A merchant is any entity that accepts payment cards bearing the logos of any of the five members of PCI SSC as payment for goods and/or services.

To qualify as a merchant, you need to accept payment cards from companies like American Express, Discover, JCB, MasterCard, or Visa.

You might be surprised to learn that a merchant can also be a service provider if the services sold result in storing, processing, or transmitting cardholder data on behalf of other merchants or service providers.

For example, an Internet Service Provider (ISP) is both a merchant and a service provider - they accept payment cards for monthly billing, but also host merchants as customers.

Pa is a term used in various contexts, including music and family relationships.

In music, a pa is a section of a musical composition, typically a group of notes played together.

A pa in music can also refer to a specific time signature, such as 4/4 or 3/4.

Pa is also used in some cultures to refer to a father or a male parent figure.

In these cultures, the term "pa" is often used with affection and respect.

The Payment Card Industry Security Standards Council (PCI SSC) was formed in September 2006 by MasterCard, American Express, Visa, JCB International, and Discover Financial Services.

These companies came together to create a unified set of security standards for the payment card industry.

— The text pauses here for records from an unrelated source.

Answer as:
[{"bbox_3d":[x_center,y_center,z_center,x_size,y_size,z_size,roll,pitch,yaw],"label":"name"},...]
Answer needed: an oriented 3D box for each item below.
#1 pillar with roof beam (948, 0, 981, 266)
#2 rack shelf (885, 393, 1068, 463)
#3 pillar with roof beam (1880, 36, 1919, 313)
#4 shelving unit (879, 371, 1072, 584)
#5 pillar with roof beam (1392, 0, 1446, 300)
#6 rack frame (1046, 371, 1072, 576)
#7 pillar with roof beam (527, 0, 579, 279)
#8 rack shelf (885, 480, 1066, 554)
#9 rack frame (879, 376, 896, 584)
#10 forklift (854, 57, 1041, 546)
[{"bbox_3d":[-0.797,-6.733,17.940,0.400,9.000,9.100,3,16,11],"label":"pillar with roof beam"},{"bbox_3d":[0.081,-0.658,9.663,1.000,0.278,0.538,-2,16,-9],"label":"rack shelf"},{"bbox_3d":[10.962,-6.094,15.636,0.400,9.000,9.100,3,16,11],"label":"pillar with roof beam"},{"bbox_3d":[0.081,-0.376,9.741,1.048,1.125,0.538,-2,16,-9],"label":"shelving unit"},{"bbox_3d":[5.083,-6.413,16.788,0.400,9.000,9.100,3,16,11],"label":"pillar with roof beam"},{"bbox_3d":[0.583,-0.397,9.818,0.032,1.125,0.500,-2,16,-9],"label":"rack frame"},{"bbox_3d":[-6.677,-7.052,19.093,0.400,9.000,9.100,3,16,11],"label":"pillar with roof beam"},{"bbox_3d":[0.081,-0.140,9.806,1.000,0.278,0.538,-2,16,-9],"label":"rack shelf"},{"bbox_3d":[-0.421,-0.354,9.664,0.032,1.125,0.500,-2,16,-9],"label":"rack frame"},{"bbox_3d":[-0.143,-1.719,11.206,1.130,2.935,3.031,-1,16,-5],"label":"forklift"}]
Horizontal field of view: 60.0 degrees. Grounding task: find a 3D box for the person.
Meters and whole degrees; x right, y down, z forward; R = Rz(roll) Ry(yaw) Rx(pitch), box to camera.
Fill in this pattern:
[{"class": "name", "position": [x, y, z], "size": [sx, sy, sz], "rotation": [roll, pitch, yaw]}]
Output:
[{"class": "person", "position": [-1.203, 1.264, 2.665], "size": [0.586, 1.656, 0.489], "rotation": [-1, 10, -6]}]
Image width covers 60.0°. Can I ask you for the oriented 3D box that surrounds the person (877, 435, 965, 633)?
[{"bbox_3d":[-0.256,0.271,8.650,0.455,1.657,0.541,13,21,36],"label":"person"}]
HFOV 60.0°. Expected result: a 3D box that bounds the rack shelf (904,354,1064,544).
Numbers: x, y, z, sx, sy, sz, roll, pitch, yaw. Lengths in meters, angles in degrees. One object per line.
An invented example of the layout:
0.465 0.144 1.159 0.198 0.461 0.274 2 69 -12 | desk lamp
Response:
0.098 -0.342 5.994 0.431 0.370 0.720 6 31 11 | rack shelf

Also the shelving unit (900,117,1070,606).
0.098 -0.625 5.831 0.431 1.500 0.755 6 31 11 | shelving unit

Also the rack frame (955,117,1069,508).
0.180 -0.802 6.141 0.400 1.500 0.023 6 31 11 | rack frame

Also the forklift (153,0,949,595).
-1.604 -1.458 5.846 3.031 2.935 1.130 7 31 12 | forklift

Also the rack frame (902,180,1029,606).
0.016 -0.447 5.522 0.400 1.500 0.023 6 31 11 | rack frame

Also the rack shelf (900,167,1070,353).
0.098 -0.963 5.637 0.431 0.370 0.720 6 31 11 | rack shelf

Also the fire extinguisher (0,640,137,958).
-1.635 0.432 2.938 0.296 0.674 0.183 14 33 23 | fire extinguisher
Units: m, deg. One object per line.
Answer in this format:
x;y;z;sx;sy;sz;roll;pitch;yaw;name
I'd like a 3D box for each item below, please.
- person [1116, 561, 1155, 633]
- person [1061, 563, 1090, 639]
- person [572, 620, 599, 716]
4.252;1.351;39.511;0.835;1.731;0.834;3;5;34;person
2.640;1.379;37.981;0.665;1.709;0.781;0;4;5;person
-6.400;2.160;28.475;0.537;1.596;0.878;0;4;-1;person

The PCI DSS was developed to address interoperability problems among existing standards and provide an additional level of protection for card issuers.

The first version of the PCI DSS, version 1.0, was released in December 2004. It was later updated to version 1.1 in September 2006, which included clarification and minor revisions.

Here's a list of the major versions of the PCI DSS, along with their release dates and notable changes:

The PCI DSS has been widely adopted and is now implemented and followed worldwide.